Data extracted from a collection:
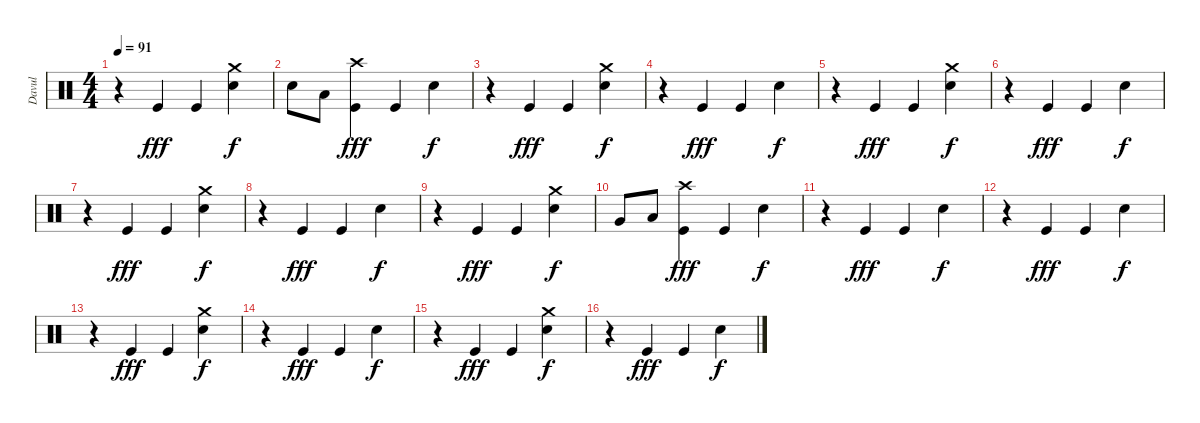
\track ("Davul" "Davul") {instrument percussion}
\staff {score}
\articulation defaults
\ts (4 4)
\tempo 91
\clef neutral
\ks c
r.4{dy f} "Kick (hit)".4{dy fff} "Kick (hit)".4 ("Crash medium (hit)" "Snare (hit) 2").4{dy f} |
"Snare (hit) 2".8 "Low Tom (hit)".8 ("Crash high (hit)" "Kick (hit)").4{dy fff} "Kick (hit)".4 "Snare (hit) 2".4{dy f} |
r.4 "Kick (hit)".4{dy fff} "Kick (hit)".4 ("Crash medium (hit)" "Snare (hit) 2").4{dy f} |
r.4 "Kick (hit)".4{dy fff} "Kick (hit)".4 "Snare (hit) 2".4{dy f} |
r.4 "Kick (hit)".4{dy fff} "Kick (hit)".4 ("Crash medium (hit)" "Snare (hit) 2").4{dy f} |
r.4 "Kick (hit)".4{dy fff} "Kick (hit)".4 "Snare (hit) 2".4{dy f} |
r.4 "Kick (hit)".4{dy fff} "Kick (hit)".4 ("Crash medium (hit)" "Snare (hit) 2").4{dy f} |
r.4 "Kick (hit)".4{dy fff} "Kick (hit)".4 "Snare (hit) 2".4{dy f} |
r.4 "Kick (hit)".4{dy fff} "Kick (hit)".4 ("Crash medium (hit)" "Snare (hit) 2").4{dy f} |
"Very Low Tom (hit)".8 "Low Floor Tom (hit)".8 ("Crash high (hit)" "Kick (hit)").4{dy fff} "Kick (hit)".4 "Snare (hit) 2".4{dy f} |
r.4 "Kick (hit)".4{dy fff} "Kick (hit)".4 "Snare (hit) 2".4{dy f} |
r.4 "Kick (hit)".4{dy fff} "Kick (hit)".4 "Snare (hit) 2".4{dy f} |
r.4 "Kick (hit)".4{dy fff} "Kick (hit)".4 ("Crash medium (hit)" "Snare (hit) 2").4{dy f} |
r.4 "Kick (hit)".4{dy fff} "Kick (hit)".4 "Snare (hit) 2".4{dy f} |
r.4 "Kick (hit)".4{dy fff} "Kick (hit)".4 ("Crash medium (hit)" "Snare (hit) 2").4{dy f} |
r.4 "Kick (hit)".4{dy fff} "Kick (hit)".4 "Snare (hit) 2".4{dy f}
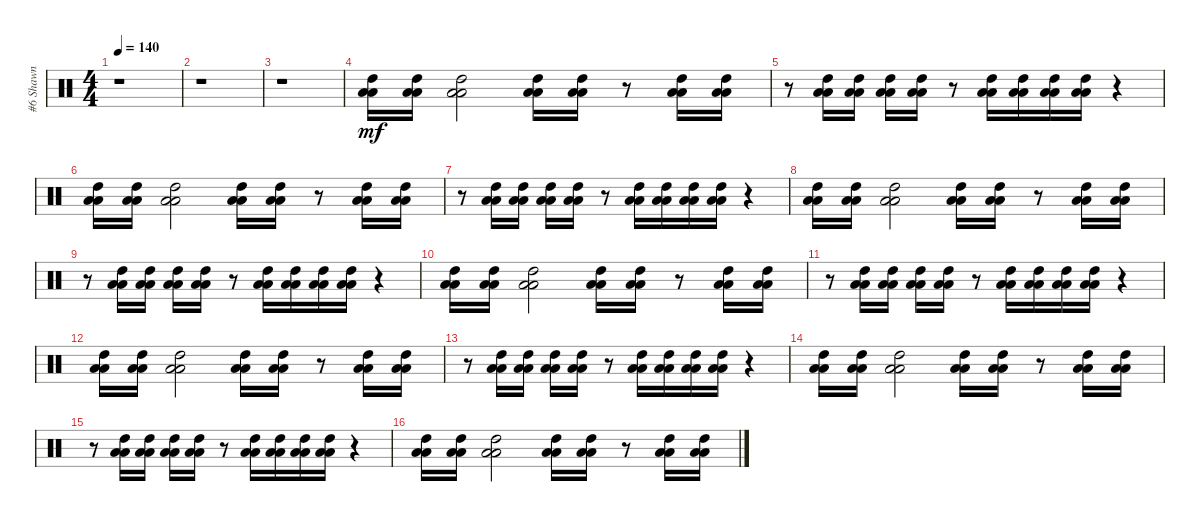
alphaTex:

\track ("#6 Shawn" "#6 Shawn") {solo instrument percussion}
\staff {score}
\articulation defaults
\ts (4 4)
\tempo 140
\clef neutral
\ks c
r.1{dy mf} |
r.1 |
r.1 |
("High Tom (hit)" "Low Tom (hit)" "Low Floor Tom (hit)").16 ("High Tom (hit)" "Low Tom (hit)" "Low Floor Tom (hit)").16 ("High Tom (hit)" "Low Tom (hit)" "Low Floor Tom (hit)").2 ("High Tom (hit)" "Low Tom (hit)" "Low Floor Tom (hit)").16 ("High Tom (hit)" "Low Tom (hit)" "Low Floor Tom (hit)").16 r.8 ("High Tom (hit)" "Low Tom (hit)" "Low Floor Tom (hit)").16 ("High Tom (hit)" "Low Tom (hit)" "Low Floor Tom (hit)").16 |
r.8 ("High Tom (hit)" "Low Tom (hit)" "Low Floor Tom (hit)").16 ("High Tom (hit)" "Low Tom (hit)" "Low Floor Tom (hit)").16 ("High Tom (hit)" "Low Tom (hit)" "Low Floor Tom (hit)").16 ("High Tom (hit)" "Low Tom (hit)" "Low Floor Tom (hit)").16 r.8 ("High Tom (hit)" "Low Tom (hit)" "Low Floor Tom (hit)").16 ("High Tom (hit)" "Low Tom (hit)" "Low Floor Tom (hit)").16 ("High Tom (hit)" "Low Tom (hit)" "Low Floor Tom (hit)").16 ("High Tom (hit)" "Low Tom (hit)" "Low Floor Tom (hit)").16 r.4 |
("High Tom (hit)" "Low Tom (hit)" "Low Floor Tom (hit)").16 ("High Tom (hit)" "Low Tom (hit)" "Low Floor Tom (hit)").16 ("High Tom (hit)" "Low Tom (hit)" "Low Floor Tom (hit)").2 ("High Tom (hit)" "Low Tom (hit)" "Low Floor Tom (hit)").16 ("High Tom (hit)" "Low Tom (hit)" "Low Floor Tom (hit)").16 r.8 ("High Tom (hit)" "Low Tom (hit)" "Low Floor Tom (hit)").16 ("High Tom (hit)" "Low Tom (hit)" "Low Floor Tom (hit)").16 |
r.8 ("High Tom (hit)" "Low Tom (hit)" "Low Floor Tom (hit)").16 ("High Tom (hit)" "Low Tom (hit)" "Low Floor Tom (hit)").16 ("High Tom (hit)" "Low Tom (hit)" "Low Floor Tom (hit)").16 ("High Tom (hit)" "Low Tom (hit)" "Low Floor Tom (hit)").16 r.8 ("High Tom (hit)" "Low Tom (hit)" "Low Floor Tom (hit)").16 ("High Tom (hit)" "Low Tom (hit)" "Low Floor Tom (hit)").16 ("High Tom (hit)" "Low Tom (hit)" "Low Floor Tom (hit)").16 ("High Tom (hit)" "Low Tom (hit)" "Low Floor Tom (hit)").16 r.4 |
("High Tom (hit)" "Low Tom (hit)" "Low Floor Tom (hit)").16 ("High Tom (hit)" "Low Tom (hit)" "Low Floor Tom (hit)").16 ("High Tom (hit)" "Low Tom (hit)" "Low Floor Tom (hit)").2 ("High Tom (hit)" "Low Tom (hit)" "Low Floor Tom (hit)").16 ("High Tom (hit)" "Low Tom (hit)" "Low Floor Tom (hit)").16 r.8 ("High Tom (hit)" "Low Tom (hit)" "Low Floor Tom (hit)").16 ("High Tom (hit)" "Low Tom (hit)" "Low Floor Tom (hit)").16 |
r.8 ("High Tom (hit)" "Low Tom (hit)" "Low Floor Tom (hit)").16 ("High Tom (hit)" "Low Tom (hit)" "Low Floor Tom (hit)").16 ("High Tom (hit)" "Low Tom (hit)" "Low Floor Tom (hit)").16 ("High Tom (hit)" "Low Tom (hit)" "Low Floor Tom (hit)").16 r.8 ("High Tom (hit)" "Low Tom (hit)" "Low Floor Tom (hit)").16 ("High Tom (hit)" "Low Tom (hit)" "Low Floor Tom (hit)").16 ("High Tom (hit)" "Low Tom (hit)" "Low Floor Tom (hit)").16 ("High Tom (hit)" "Low Tom (hit)" "Low Floor Tom (hit)").16 r.4 |
("High Tom (hit)" "Low Tom (hit)" "Low Floor Tom (hit)").16 ("High Tom (hit)" "Low Tom (hit)" "Low Floor Tom (hit)").16 ("High Tom (hit)" "Low Tom (hit)" "Low Floor Tom (hit)").2 ("High Tom (hit)" "Low Tom (hit)" "Low Floor Tom (hit)").16 ("High Tom (hit)" "Low Tom (hit)" "Low Floor Tom (hit)").16 r.8 ("High Tom (hit)" "Low Tom (hit)" "Low Floor Tom (hit)").16 ("High Tom (hit)" "Low Tom (hit)" "Low Floor Tom (hit)").16 |
r.8 ("High Tom (hit)" "Low Tom (hit)" "Low Floor Tom (hit)").16 ("High Tom (hit)" "Low Tom (hit)" "Low Floor Tom (hit)").16 ("High Tom (hit)" "Low Tom (hit)" "Low Floor Tom (hit)").16 ("High Tom (hit)" "Low Tom (hit)" "Low Floor Tom (hit)").16 r.8 ("High Tom (hit)" "Low Tom (hit)" "Low Floor Tom (hit)").16 ("High Tom (hit)" "Low Tom (hit)" "Low Floor Tom (hit)").16 ("High Tom (hit)" "Low Tom (hit)" "Low Floor Tom (hit)").16 ("High Tom (hit)" "Low Tom (hit)" "Low Floor Tom (hit)").16 r.4 |
("High Tom (hit)" "Low Tom (hit)" "Low Floor Tom (hit)").16 ("High Tom (hit)" "Low Tom (hit)" "Low Floor Tom (hit)").16 ("High Tom (hit)" "Low Tom (hit)" "Low Floor Tom (hit)").2 ("High Tom (hit)" "Low Tom (hit)" "Low Floor Tom (hit)").16 ("High Tom (hit)" "Low Tom (hit)" "Low Floor Tom (hit)").16 r.8 ("High Tom (hit)" "Low Tom (hit)" "Low Floor Tom (hit)").16 ("High Tom (hit)" "Low Tom (hit)" "Low Floor Tom (hit)").16 |
r.8 ("High Tom (hit)" "Low Tom (hit)" "Low Floor Tom (hit)").16 ("High Tom (hit)" "Low Tom (hit)" "Low Floor Tom (hit)").16 ("High Tom (hit)" "Low Tom (hit)" "Low Floor Tom (hit)").16 ("High Tom (hit)" "Low Tom (hit)" "Low Floor Tom (hit)").16 r.8 ("High Tom (hit)" "Low Tom (hit)" "Low Floor Tom (hit)").16 ("High Tom (hit)" "Low Tom (hit)" "Low Floor Tom (hit)").16 ("High Tom (hit)" "Low Tom (hit)" "Low Floor Tom (hit)").16 ("High Tom (hit)" "Low Tom (hit)" "Low Floor Tom (hit)").16 r.4 |
("High Tom (hit)" "Low Tom (hit)" "Low Floor Tom (hit)").16 ("High Tom (hit)" "Low Tom (hit)" "Low Floor Tom (hit)").16 ("High Tom (hit)" "Low Tom (hit)" "Low Floor Tom (hit)").2 ("High Tom (hit)" "Low Tom (hit)" "Low Floor Tom (hit)").16 ("High Tom (hit)" "Low Tom (hit)" "Low Floor Tom (hit)").16 r.8 ("High Tom (hit)" "Low Tom (hit)" "Low Floor Tom (hit)").16 ("High Tom (hit)" "Low Tom (hit)" "Low Floor Tom (hit)").16 |
r.8 ("High Tom (hit)" "Low Tom (hit)" "Low Floor Tom (hit)").16 ("High Tom (hit)" "Low Tom (hit)" "Low Floor Tom (hit)").16 ("High Tom (hit)" "Low Tom (hit)" "Low Floor Tom (hit)").16 ("High Tom (hit)" "Low Tom (hit)" "Low Floor Tom (hit)").16 r.8 ("High Tom (hit)" "Low Tom (hit)" "Low Floor Tom (hit)").16 ("High Tom (hit)" "Low Tom (hit)" "Low Floor Tom (hit)").16 ("High Tom (hit)" "Low Tom (hit)" "Low Floor Tom (hit)").16 ("High Tom (hit)" "Low Tom (hit)" "Low Floor Tom (hit)").16 r.4 |
("High Tom (hit)" "Low Tom (hit)" "Low Floor Tom (hit)").16 ("High Tom (hit)" "Low Tom (hit)" "Low Floor Tom (hit)").16 ("High Tom (hit)" "Low Tom (hit)" "Low Floor Tom (hit)").2 ("High Tom (hit)" "Low Tom (hit)" "Low Floor Tom (hit)").16 ("High Tom (hit)" "Low Tom (hit)" "Low Floor Tom (hit)").16 r.8 ("High Tom (hit)" "Low Tom (hit)" "Low Floor Tom (hit)").16 ("High Tom (hit)" "Low Tom (hit)" "Low Floor Tom (hit)").16

Instructions for the task:
Your answer should consist of every line from the entries that holds "track".

Result of the exercise:
\track ("Davul" "Davul") {instrument percussion}
\track ("#6 Shawn" "#6 Shawn") {solo instrument percussion}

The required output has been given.